7 忘失された過去からの知らせ #72

「……どうして幡ヶ谷君がその名前を?」


「あの日俺もいたから。どうしても助けたかったんや……、でも結局何も出来なくて」


 両腕を組みながら、何かを納得した様子の悠喜菜は言葉を発した。


「なるほど、だからお前、関西出身の割には方言がカタコトなんだな」


 ただ本当にそうであれば顔の輪郭を覚えていると思ったが、そもそもあの日の記憶も朧げ。


「私、どうしても思い出せない、幡ヶ谷君は本当にあの場にいたの?」


「そうだ、嘘は言ってないつもりだ」


「そうなの……。で、中学以来の雪辱を果たしにまた私を殺しに来たって訳ね」


「だからちゃうって! あの当時の二稲木だったなんて、薄々気付いていただが……。でもそうあっては欲しくなくって」


 空に関わると、まるで磁石に引かれるような縁に恵まれる。ただ決して素敵なものばかりだと限らない、それはこの人も例外ではなかった。


「仮に幡ヶ谷君の話が正しかったとしても、どうしてもっと早く助けてくれなかったの? ちょっとでも早ければ死にかける事だってなかったのに……」


 私から目線を逸らし独り言のように呟く。


「『死にたい』って言ってたクセに『早く助けて』かー、どっちが本音やねん」


「苦痛から逃れたいし、でも死にたくはないし……だから両方合っているかもね。最もあなたには何もかも理解できないでしょうけど」


 他にも確信を突きたい箇所はいっぱいあるが、少しずつ紐解いていくことに徹する。私自身どこまで耐えられるかが勝負。


「……分かるだろ、江邊川に逆らえなくて」


「よーく分かってるよ、この私が誰よりも。でもそれは単なる口実でしかない。だって信じられないもの」


「ただお前を助けたかっただけなのに……、俺までもその時共犯だと認知され七〇〇〇万の慰謝料を払う片棒を担ぐ羽目になったんや」


「……それはどういう意味?」


 今思えばお金回りの良さに不可解な点がある。当時はお父さんとお母さんの遺産がそこそこあったと聞かされていたものの、金銭管理はおじいちゃんに任せていたので実際に見たわけではなかった。……でも、だとすれば東京に住むための資金繰りにも合点が行く。

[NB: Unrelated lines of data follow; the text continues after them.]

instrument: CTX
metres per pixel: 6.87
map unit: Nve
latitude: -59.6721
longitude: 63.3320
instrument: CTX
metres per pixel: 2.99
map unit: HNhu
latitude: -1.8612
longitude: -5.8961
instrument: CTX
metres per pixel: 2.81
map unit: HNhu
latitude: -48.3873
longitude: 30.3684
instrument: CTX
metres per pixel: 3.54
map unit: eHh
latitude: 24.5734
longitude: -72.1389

「これから俺が分かる可能な限りの情報を二稲木に話す……」


 幡ヶ谷君は静かに、私の欠落していた記憶を語ってくれた。


                    ◆


 辻褄が合わなかったパーツを補い、ほとんどの出来事を理解した私は思わず言葉を失い、彼に返す言葉も探せずにいた。それと同時に脈打つような頭痛に襲われる。右眉のやや上を押さえながら耳に入った情報を懸命に整理していくが追いつかない。ようやく数本の糸が集まるものの、ほどけないように束ねることが出来ないでいる。

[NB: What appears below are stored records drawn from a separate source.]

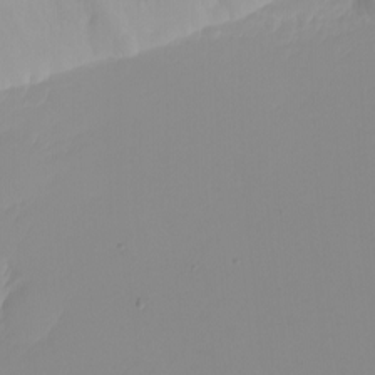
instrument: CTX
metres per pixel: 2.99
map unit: eHh
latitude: -5.4643
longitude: -85.9339

「カネを返せとは言わない。それはある意味戒めやねん。事件以降あの中学にはいられなくなって大阪に転校したんだ。本当にこの俺を思い出せないねんか?」


「ごめんなさい。……どうしてもダメみたい。やっぱり辻褄が合わないもの」


「……記憶障害があるって話し本当だったんや。だとしても都合よすぎない? やっぱり俺の事を初めから無視して――」



「いい加減……これ以上……御託を並べるのはやめろ。すごく不快なんだけど」


 ここまでハッキリものを口から出したのは随分と久しぶり……。いっそこのまま自制なんて取っ払って――。



「愛寿羽おまっ——」



「その性格を逸脱した発言もいわゆる後遺症の“バグ”ってところか……。昔江邊川に馬乗りになって殴ってた内に秘めている本性。……でもそれもすら思い出せないんやろ?」


 そんな事を告白されても……私……そうか、自分では思い出せない或いは情景の薄い部分こそ記憶の欠如なのだろうか。私を一番知っているのは他人という外部。そんなことを思考を始めると、無情に指が小さく震えだす。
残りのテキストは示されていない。